Description
I'm trying to compile the stencil3d-omp benchmark of HeCBench: https://github.com/zjin-lcf/HeCBench/blob/master/src/stencil3d-omp/main.cpp
I'm using LLVM version 19.1.3 and I'm offloading to a MI100 AMD GPU.
If I compile the code with -O3 everything works and the results match with the ones from SYCL and HIP:
make CC=clang++ CFLAGS="-fopenmp -fopenmp-targets=amdgcn-amd-amdhsa -Xopenmp-target=amdgcn-amd-amdhsa -march=gfx908"
If I compile the code without any optimization flags the compilation is successful, however at runtime i get the following error:
AMDGPU fatal error 1: Memory access fault by GPU 8 (agent 0x55f222c19fb0) at virtual address 0x7f8c9c06a000. Reasons: Page not present or supervisor privilege Aborted (core dumped)

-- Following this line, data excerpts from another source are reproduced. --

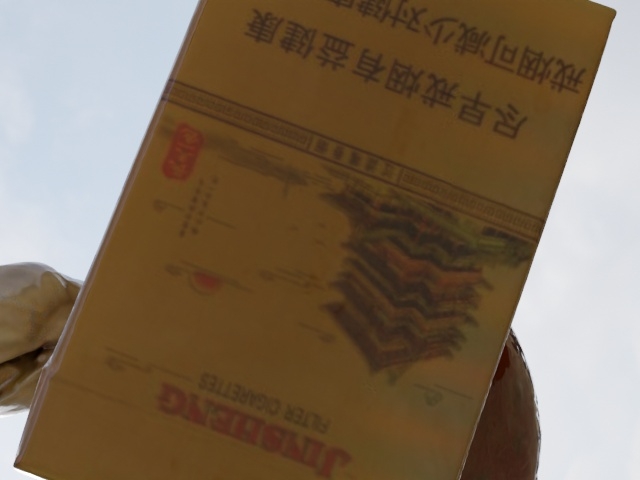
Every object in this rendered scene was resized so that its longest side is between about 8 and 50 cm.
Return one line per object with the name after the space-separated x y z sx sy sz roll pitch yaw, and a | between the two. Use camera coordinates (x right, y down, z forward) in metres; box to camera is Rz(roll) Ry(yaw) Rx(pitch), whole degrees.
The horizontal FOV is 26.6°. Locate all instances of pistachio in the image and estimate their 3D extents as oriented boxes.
-0.331 0.104 1.382 0.157 0.230 0.157 45 -147 -41 | pistachio

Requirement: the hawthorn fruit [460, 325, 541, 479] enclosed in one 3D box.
0.005 0.127 0.892 0.316 0.316 0.316 -46 -34 -44 | hawthorn fruit

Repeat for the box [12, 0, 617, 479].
0.000 0.000 0.589 0.076 0.174 0.274 108 -177 -80 | box
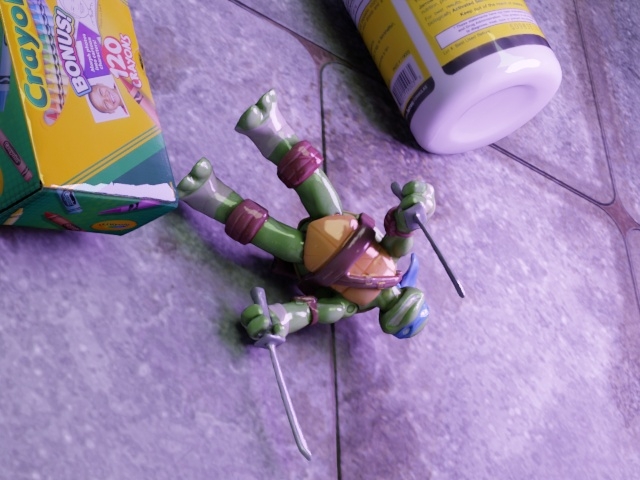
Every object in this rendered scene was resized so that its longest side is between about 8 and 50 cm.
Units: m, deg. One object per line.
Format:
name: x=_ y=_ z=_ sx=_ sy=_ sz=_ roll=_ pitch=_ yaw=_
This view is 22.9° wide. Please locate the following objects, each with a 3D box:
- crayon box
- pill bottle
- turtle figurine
crayon box: x=-0.235 y=-0.148 z=1.361 sx=0.165 sy=0.081 sz=0.278 roll=5 pitch=64 yaw=-53
pill bottle: x=0.130 y=-0.283 z=1.864 sx=0.188 sy=0.188 sz=0.334 roll=-2 pitch=60 yaw=-47
turtle figurine: x=0.000 y=0.000 z=1.460 sx=0.266 sy=0.198 sz=0.274 roll=43 pitch=32 yaw=-1
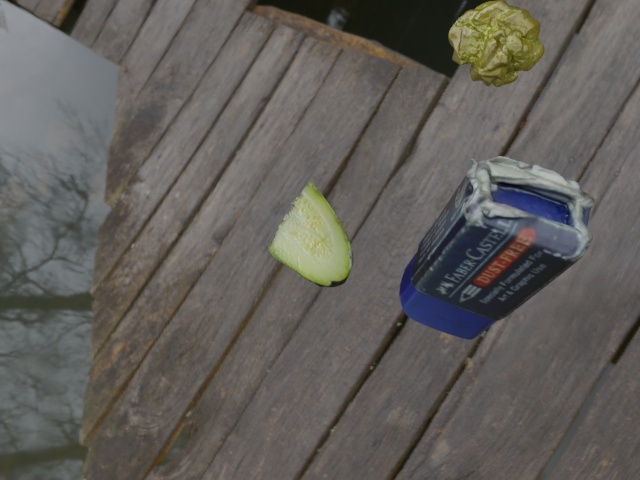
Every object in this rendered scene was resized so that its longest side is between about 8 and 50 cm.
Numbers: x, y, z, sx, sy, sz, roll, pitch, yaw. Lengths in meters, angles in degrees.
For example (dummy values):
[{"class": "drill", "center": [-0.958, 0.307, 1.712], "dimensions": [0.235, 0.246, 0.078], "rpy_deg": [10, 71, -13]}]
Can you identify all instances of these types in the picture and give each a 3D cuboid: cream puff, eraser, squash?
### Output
[{"class": "cream puff", "center": [0.411, -0.461, 1.339], "dimensions": [0.221, 0.195, 0.194], "rpy_deg": [30, 91, 12]}, {"class": "eraser", "center": [0.215, 0.026, 0.771], "dimensions": [0.155, 0.332, 0.101], "rpy_deg": [20, 59, 0]}, {"class": "squash", "center": [0.000, 0.000, 1.505], "dimensions": [0.155, 0.204, 0.236], "rpy_deg": [18, 61, 29]}]
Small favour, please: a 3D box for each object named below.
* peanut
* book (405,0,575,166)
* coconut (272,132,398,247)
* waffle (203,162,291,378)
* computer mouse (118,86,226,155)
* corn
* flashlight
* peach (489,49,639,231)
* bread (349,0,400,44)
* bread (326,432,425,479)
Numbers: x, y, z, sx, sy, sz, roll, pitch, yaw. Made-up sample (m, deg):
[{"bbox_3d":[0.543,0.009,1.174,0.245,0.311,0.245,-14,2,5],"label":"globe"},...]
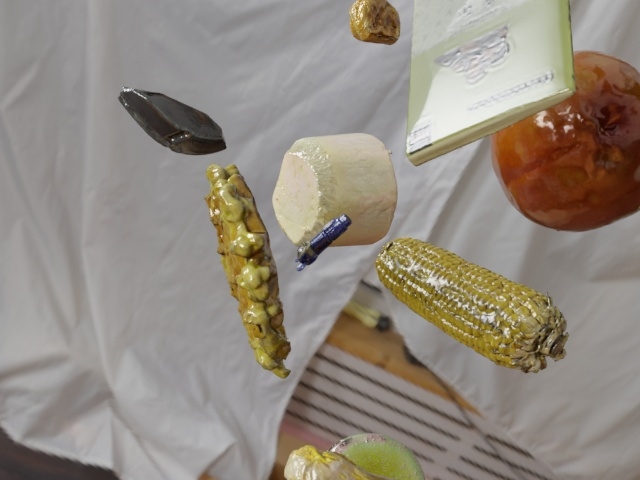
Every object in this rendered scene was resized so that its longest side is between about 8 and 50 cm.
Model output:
[{"bbox_3d":[0.042,0.349,1.247,0.207,0.087,0.087,29,27,-17],"label":"peanut"},{"bbox_3d":[0.220,-0.280,1.194,0.035,0.239,0.352,36,47,-36],"label":"book"},{"bbox_3d":[0.046,-0.100,1.820,0.244,0.239,0.239,-9,48,-34],"label":"coconut"},{"bbox_3d":[-0.106,0.037,1.306,0.068,0.324,0.302,-13,46,-10],"label":"waffle"},{"bbox_3d":[-0.244,-0.185,1.474,0.192,0.106,0.062,25,71,-13],"label":"computer mouse"},{"bbox_3d":[0.198,0.085,1.241,0.115,0.115,0.318,8,14,-42],"label":"corn"},{"bbox_3d":[0.000,0.000,1.500,0.035,0.121,0.057,43,12,-21],"label":"flashlight"},{"bbox_3d":[0.484,-0.187,1.689,0.343,0.342,0.301,36,2,3],"label":"peach"},{"bbox_3d":[0.094,-0.376,1.543,0.111,0.044,0.083,-5,87,-46],"label":"bread"},{"bbox_3d":[0.094,0.483,1.726,0.229,0.228,0.033,30,-2,-11],"label":"bread"}]
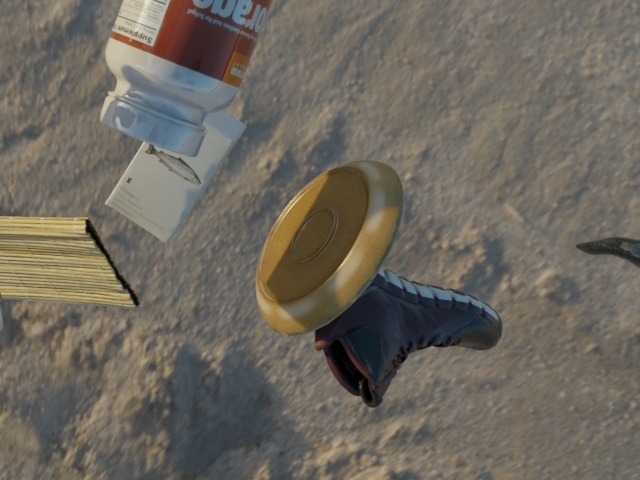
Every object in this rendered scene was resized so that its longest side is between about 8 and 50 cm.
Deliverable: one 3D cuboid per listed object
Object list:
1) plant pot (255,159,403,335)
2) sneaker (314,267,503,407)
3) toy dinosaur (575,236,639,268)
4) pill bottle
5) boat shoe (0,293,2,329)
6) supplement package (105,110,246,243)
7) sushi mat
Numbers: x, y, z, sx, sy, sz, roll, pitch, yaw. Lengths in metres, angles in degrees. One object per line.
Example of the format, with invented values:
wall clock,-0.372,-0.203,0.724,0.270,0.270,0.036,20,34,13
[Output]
plant pot,0.000,0.000,1.434,0.032,0.236,0.236,34,58,-30
sneaker,0.098,0.132,1.470,0.281,0.106,0.162,20,60,-27
toy dinosaur,0.253,0.090,0.560,0.160,0.121,0.313,-14,29,-43
pill bottle,-0.112,-0.188,1.057,0.121,0.121,0.216,20,96,-8
boat shoe,-0.372,-0.013,1.097,0.109,0.305,0.091,-13,56,4
supplement package,-0.198,-0.105,1.684,0.105,0.179,0.105,33,18,-4
sushi mat,-0.383,0.028,1.649,0.019,0.316,0.151,-54,130,-35
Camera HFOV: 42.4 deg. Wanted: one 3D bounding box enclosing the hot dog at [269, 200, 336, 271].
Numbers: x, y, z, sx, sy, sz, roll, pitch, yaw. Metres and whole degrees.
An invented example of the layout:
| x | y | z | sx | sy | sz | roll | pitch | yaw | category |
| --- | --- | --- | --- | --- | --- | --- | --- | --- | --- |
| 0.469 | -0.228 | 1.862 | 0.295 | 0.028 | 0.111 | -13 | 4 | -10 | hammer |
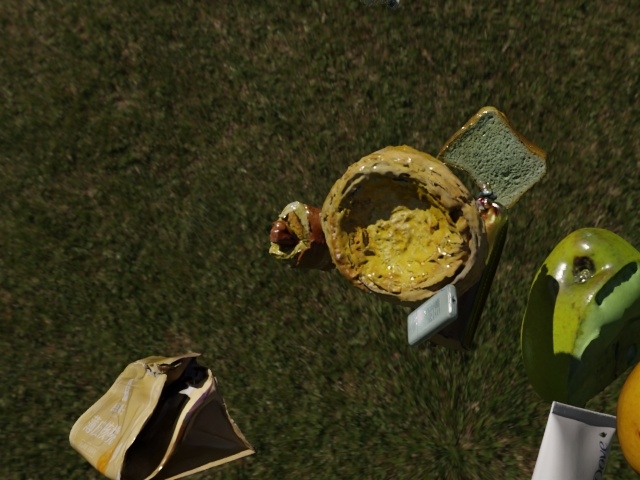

Lastly, if I compile the code with O0, O1 or O2 I get a Segfault at compilation: O0_compilation_output.txt
The only difference I was able to find between the O0 and O3 version is that the O0 version launches the OpenMP kernels in generic mode and the O3 in generic-SPMD mode. Could this be the reason for the crash?